- _Input material_
----------

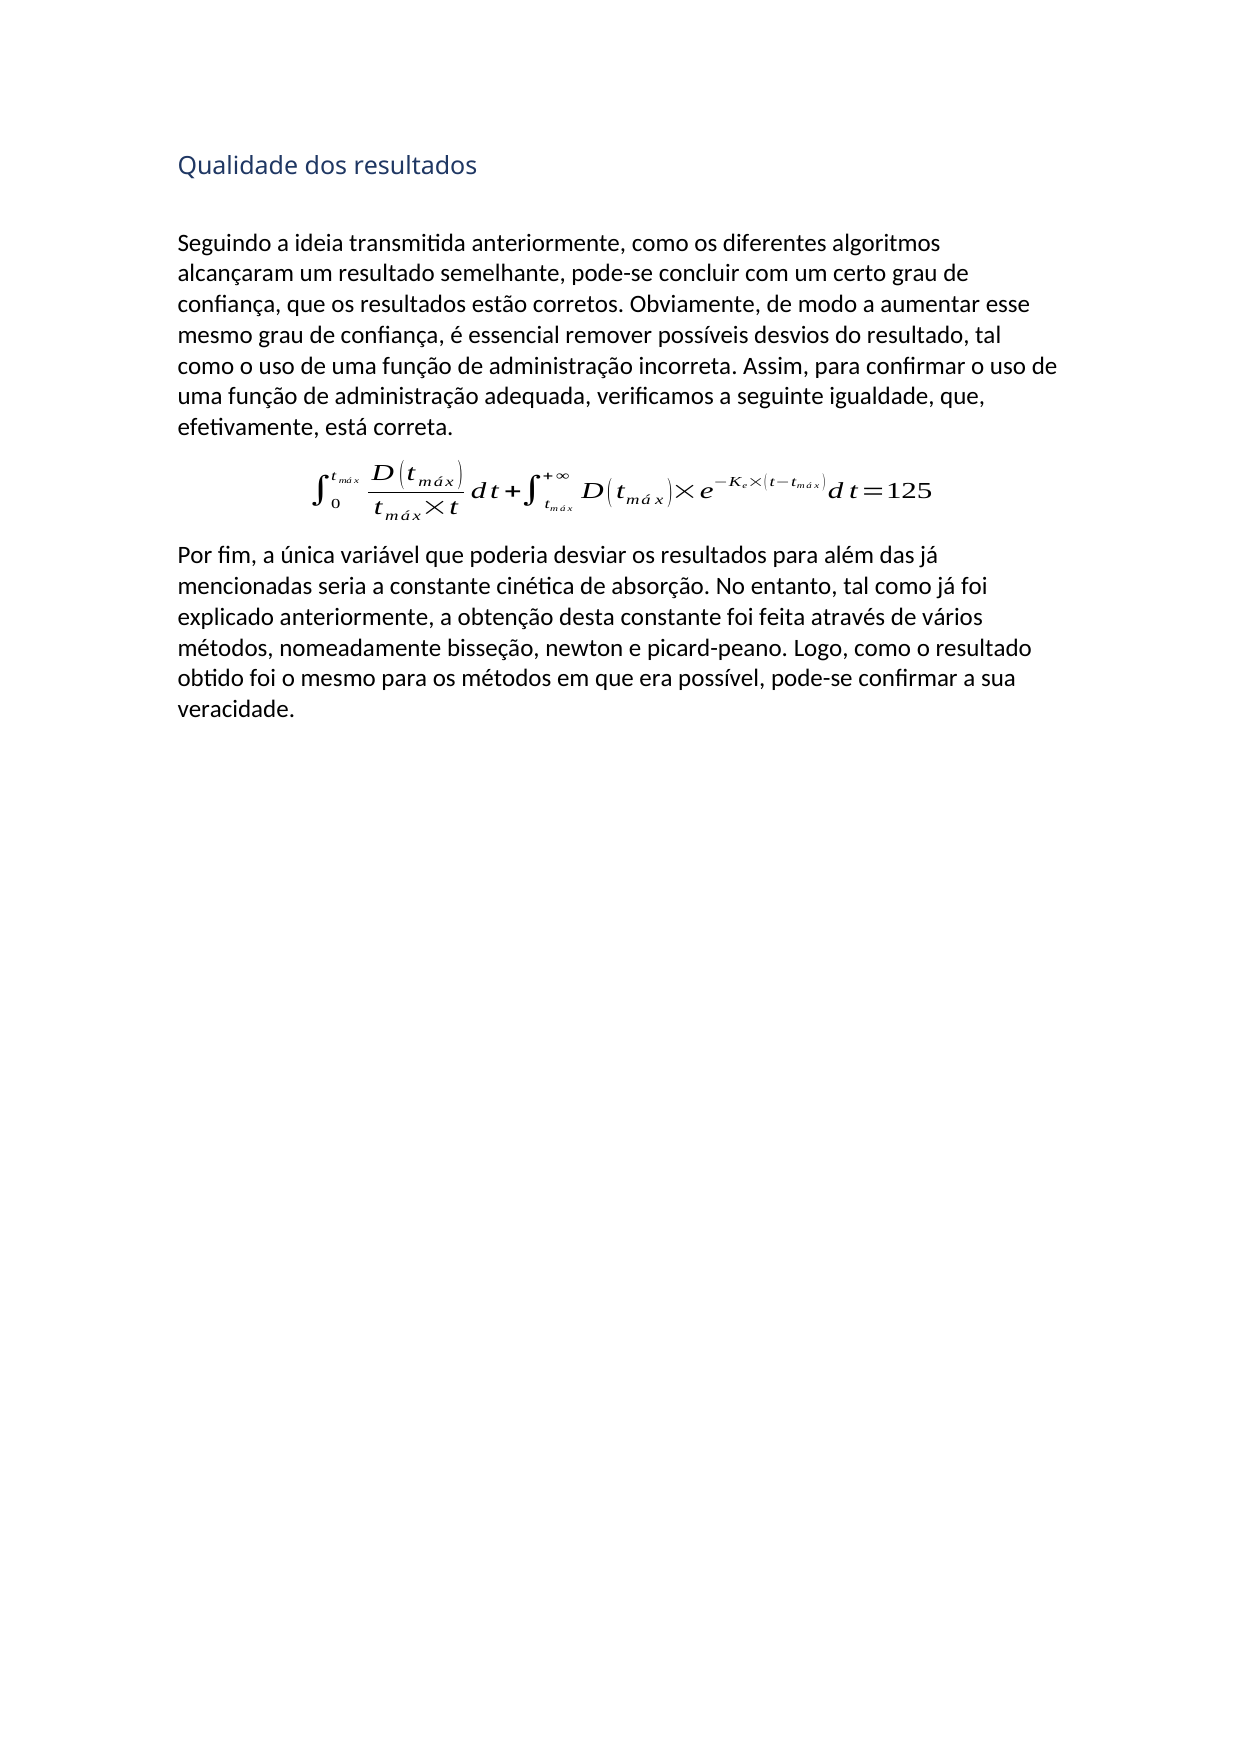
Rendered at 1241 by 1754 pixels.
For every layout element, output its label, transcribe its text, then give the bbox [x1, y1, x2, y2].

text Seguindo a ideia transmitida anteriormente, como os diferentes algoritmos alcançaram um resultado semelhante, pode-se concluir com um certo grau de confiança, que os resultados estão corretos. Obviamente, de modo a aumentar esse mesmo grau de confiança, é essencial remover possíveis desvios do resultado, tal como o uso de uma função de administração incorreta. Assim, para confirmar o uso de uma função de administração adequada, verificamos a seguinte igualdade, que, efetivamente, está correta. [177, 227, 1063, 442]
subtitle Qualidade dos resultados [177, 148, 1063, 182]
text Por fim, a única variável que poderia desviar os resultados para além das já mencionadas seria a constante cinética de absorção. No entanto, tal como já foi explicado anteriormente, a obtenção desta constante foi feita através de vários métodos, nomeadamente bisseção, newton e picard-peano. Logo, como o resultado obtido foi o mesmo para os métodos em que era possível, pode-se confirmar a sua veracidade. [177, 539, 1063, 724]

----------

- _Directions for this task_
What you return must be the lines from the line holding "For every layout" through the final line of the material, word for word, and nothing more.

- _Solution_
For every layout element, output its label, transcribe its text, then give the bbox [x1, y1, x2, y2].

text Seguindo a ideia transmitida anteriormente, como os diferentes algoritmos alcançaram um resultado semelhante, pode-se concluir com um certo grau de confiança, que os resultados estão corretos. Obviamente, de modo a aumentar esse mesmo grau de confiança, é essencial remover possíveis desvios do resultado, tal como o uso de uma função de administração incorreta. Assim, para confirmar o uso de uma função de administração adequada, verificamos a seguinte igualdade, que, efetivamente, está correta. [177, 227, 1063, 442]
subtitle Qualidade dos resultados [177, 148, 1063, 182]
text Por fim, a única variável que poderia desviar os resultados para além das já mencionadas seria a constante cinética de absorção. No entanto, tal como já foi explicado anteriormente, a obtenção desta constante foi feita através de vários métodos, nomeadamente bisseção, newton e picard-peano. Logo, como o resultado obtido foi o mesmo para os métodos em que era possível, pode-se confirmar a sua veracidade. [177, 539, 1063, 724]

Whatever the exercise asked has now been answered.